The woman chooses to kill the dog out of compassion as she does not want it to starve after they depart. Nevertheless, if she is compassionate enough, she should decide to carry the dog along as they leave rather than killing it. The stain implies that the woman’s hostility against the dog will have an endless psychological impact on her. On this note, each act of aggression seems to have far-reaching effects on the perpetrators (Fugita and Fernandez 34). The author uses the white dog to represent Japanese Americans and their experiences. Similar to the Japanese Americans who suffer internment in the hands of the government they trust for their wellbeing, the dog entrusts its survival to the woman who ends up killing it.

Through confining the Japanese American families in horse stables, the American military seeks to dehumanize them by treating them like animals instead of human beings.
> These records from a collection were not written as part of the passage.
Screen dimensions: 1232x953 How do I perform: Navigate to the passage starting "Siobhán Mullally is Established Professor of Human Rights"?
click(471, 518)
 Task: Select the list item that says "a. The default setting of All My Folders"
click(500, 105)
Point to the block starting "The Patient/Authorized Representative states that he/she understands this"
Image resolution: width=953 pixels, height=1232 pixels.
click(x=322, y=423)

Attributable to the ease of maltreating and carrying out injustices against people who have already been divested of their human qualities, the military dehumanizes the Japanese Americans to ensure that they have no chance of fighting back or posing resistance. The father’s loss of teeth and the sudden deformation depicts the impact of detention in chipping away the identity of Japanese Americans. Though the children want to forget the awful experience, it is impossible as the effects of internment have left an indelible mark and transformed their entire lives whether they like it or not.
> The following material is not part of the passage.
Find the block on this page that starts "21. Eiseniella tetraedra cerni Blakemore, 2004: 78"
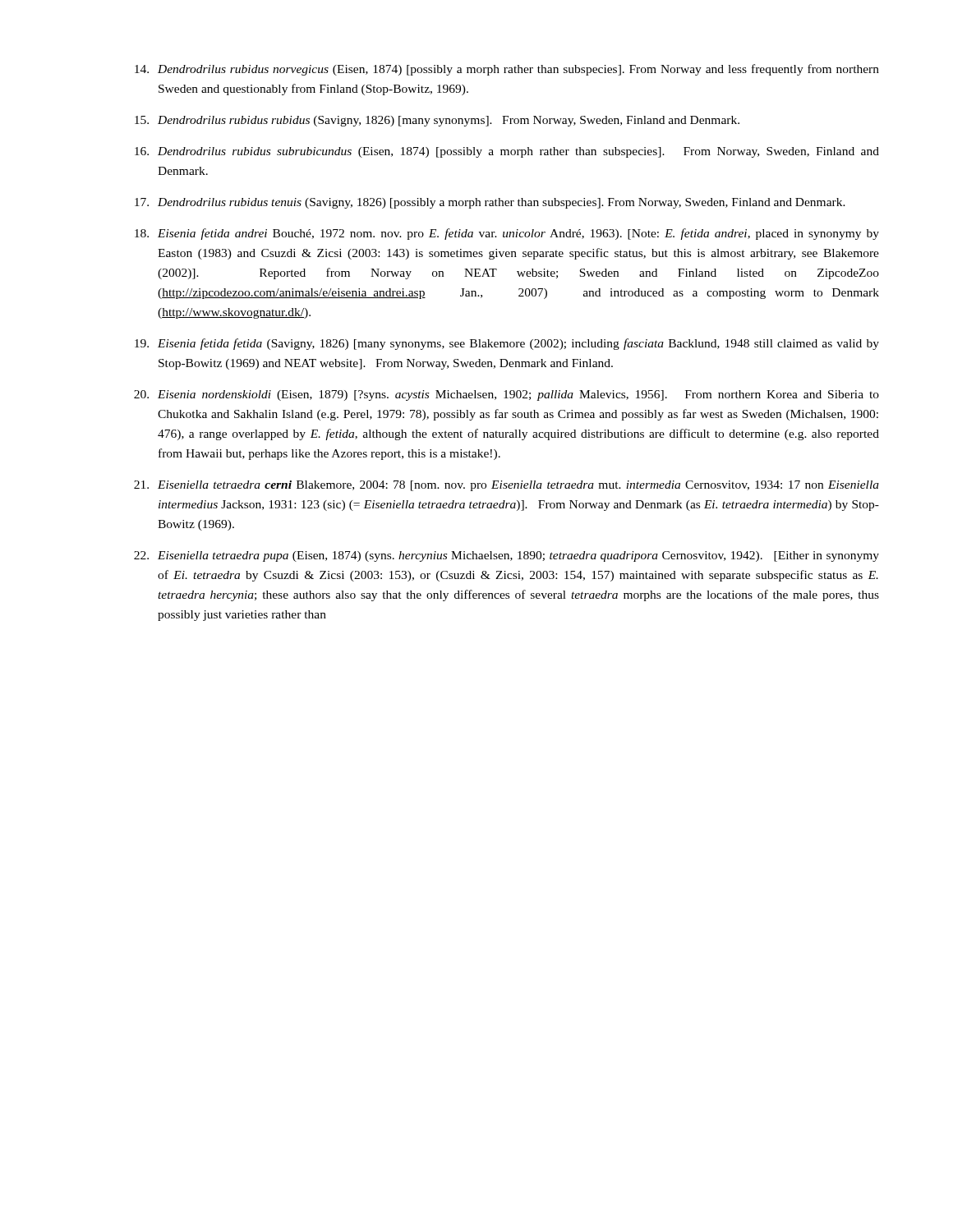Image resolution: width=953 pixels, height=1232 pixels. 493,505
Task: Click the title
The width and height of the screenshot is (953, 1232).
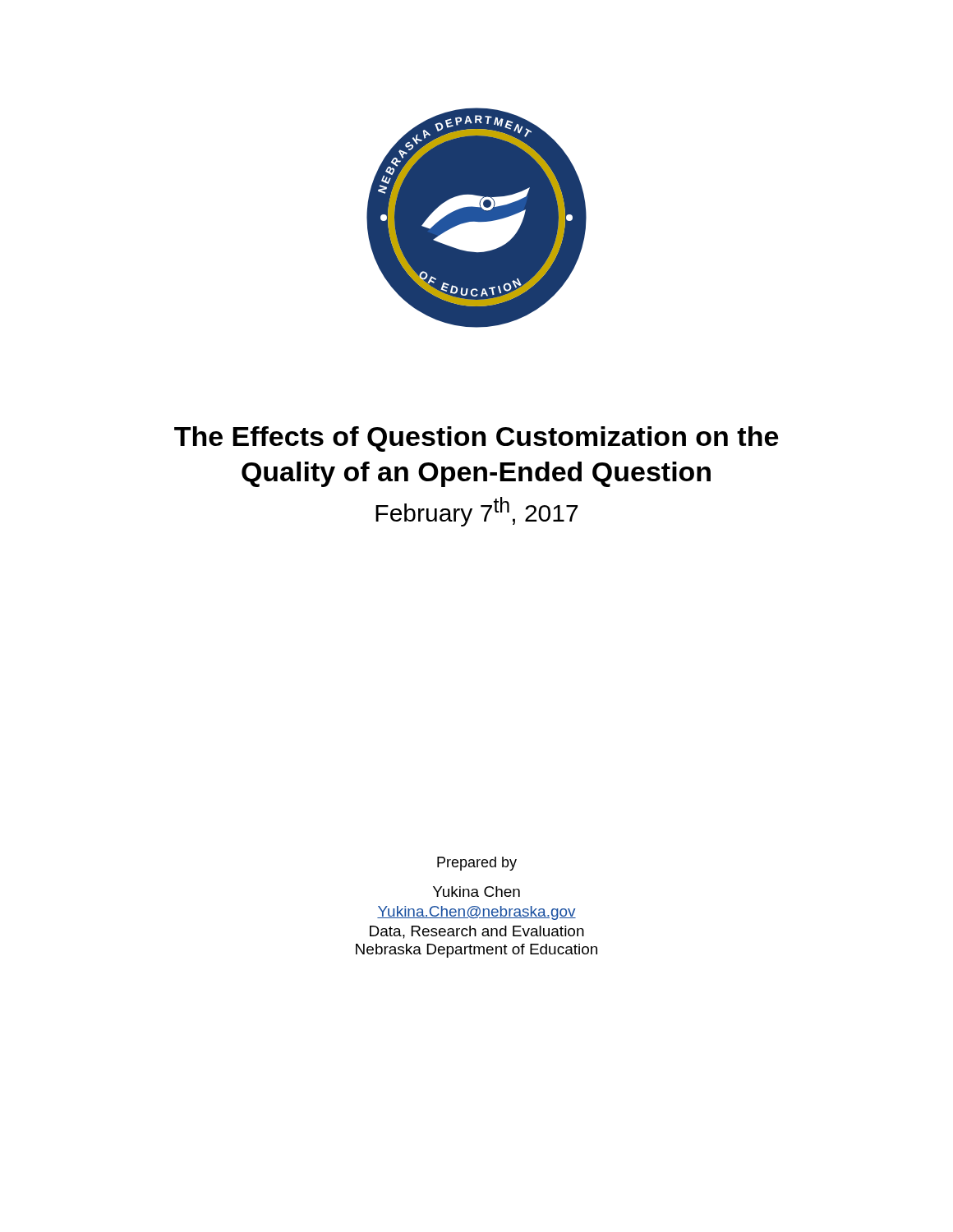Action: click(x=476, y=473)

In conclusion, by failing to give names to the main characters in the book, the author avoids bias and makes the story universal by ensuring that each detail resonates flawlessly with any reader. The book’s integrity and candor in criticizing injustices act as the sources of its attractiveness. Although the Japanese Americans are technically free since they are not in detention anymore, they do not have the autonomy to live as they wish. The Japanese Americans can only visualize the autonomy of the wild horses because it is impossible for them to live devoid of unmerited restrictions.

Works Cited

Ahlin, Lena. “”All we wanted To Do, Now That we were back in the World, was Forget”: On Remembrance and Forgetting in Julie Otsuka’s Novels.” American Studies in Scandinavia, vol. 47, no. 2, 2015, pp. 81-101.

Fugita, Stephen, and Marilyn Fernandez. Altered Lives, Enduring Community: Japanese Americans Remember their World War II Incarceration. University of Washington Press, 2012.

Marouan, Maha, and Merinda Simmons. Race and Displacement: Nation, Migration, and Identity in the Twenty-first Century. University of Alabama Press, 2013.

Otsuka, Julie. When the Emperor was Divine. Anchor, 2003.

Park, Josephine. “Alien Enemies in Julie Otsuka’s When the Emperor was Divine.” Modern Fiction Studies, vol. 59, no. 1, 2013, pp. 135-155.